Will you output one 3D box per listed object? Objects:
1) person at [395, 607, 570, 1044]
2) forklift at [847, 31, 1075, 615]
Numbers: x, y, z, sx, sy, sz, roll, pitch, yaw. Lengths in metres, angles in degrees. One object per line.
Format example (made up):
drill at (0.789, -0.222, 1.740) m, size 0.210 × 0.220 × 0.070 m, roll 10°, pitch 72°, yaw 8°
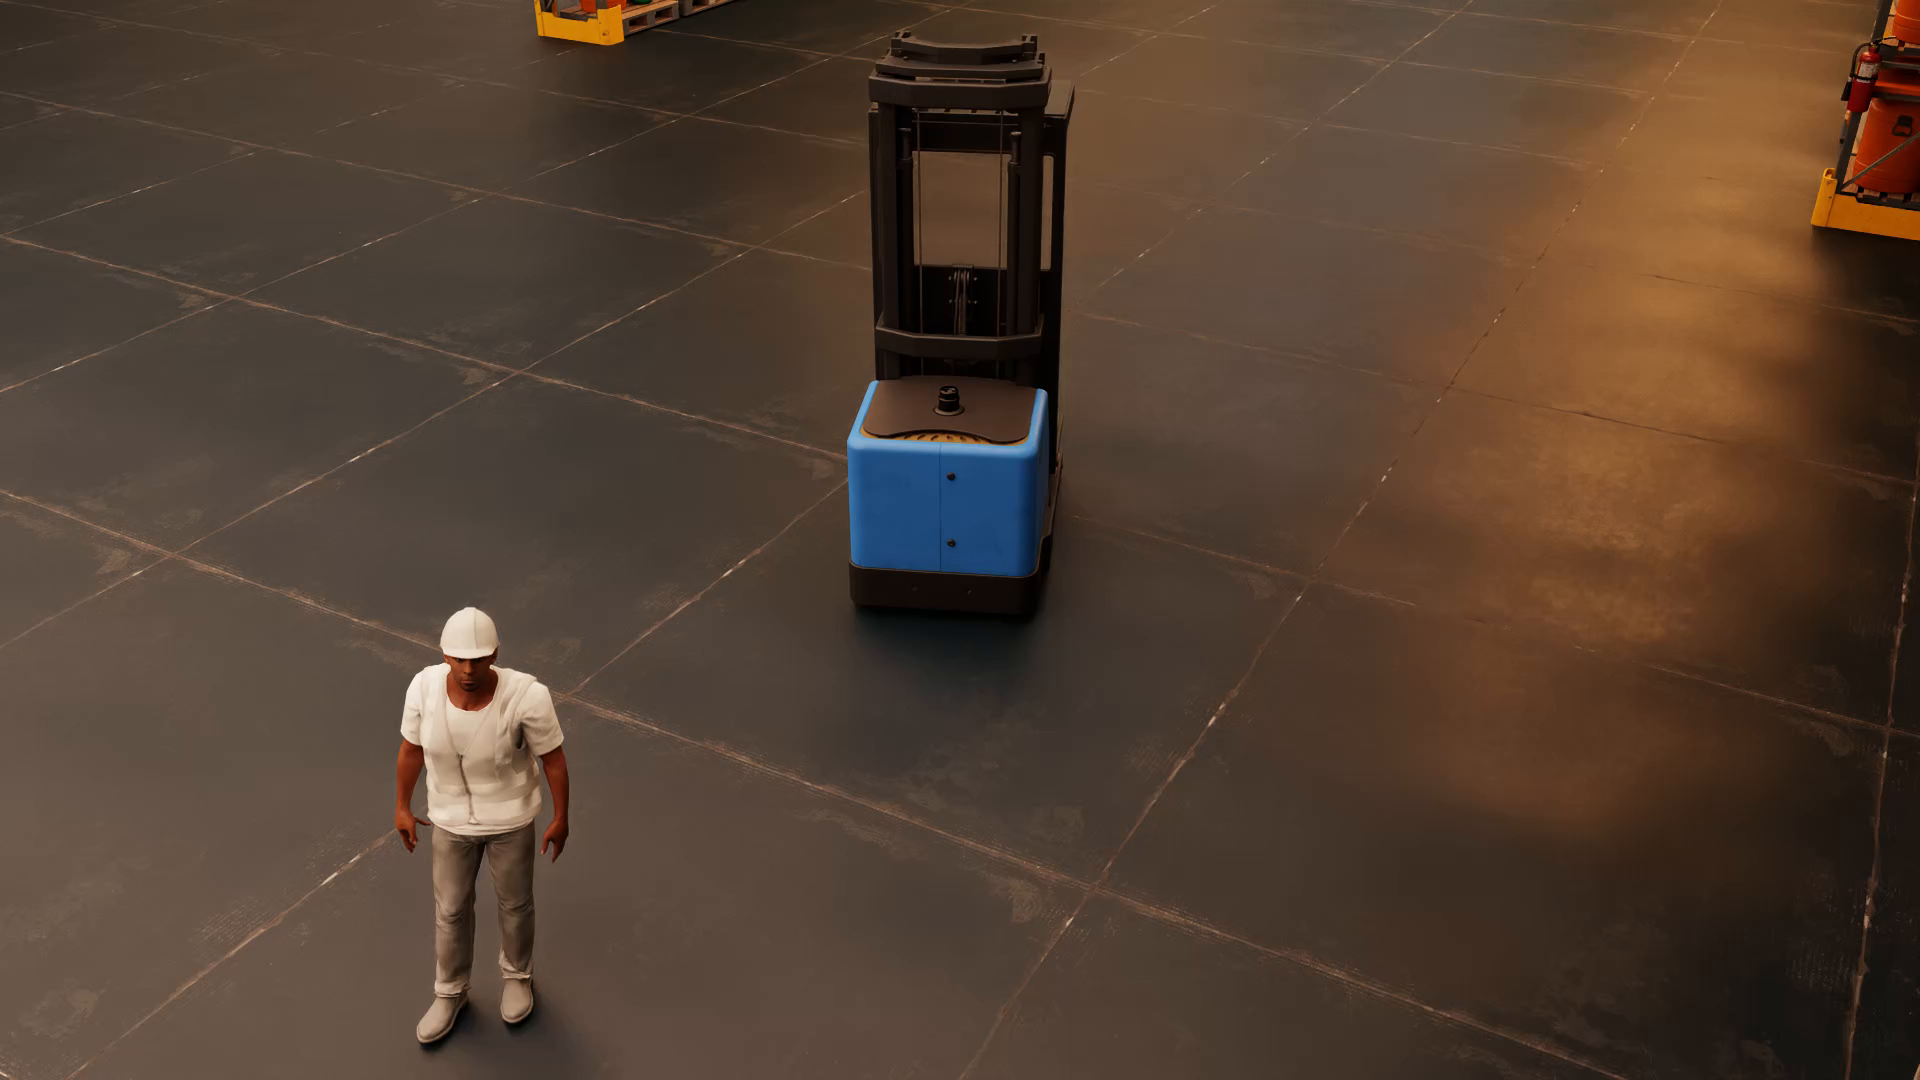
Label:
person at (-1.828, 1.092, 6.329) m, size 0.665 × 1.769 × 0.574 m, roll 0°, pitch 30°, yaw 1°
forklift at (0.072, -1.572, 9.794) m, size 1.130 × 2.935 × 3.031 m, roll 3°, pitch 30°, yaw 6°
********
Instructions for the task: The answer must consist of each line from the entries that contains the string "object".

Task answer:
Will you output one 3D box per listed object? Objects:
Numbers: x, y, z, sx, sy, sz, roll, pitch, yaw. Lengths in metres, angles in degrees. One object per line.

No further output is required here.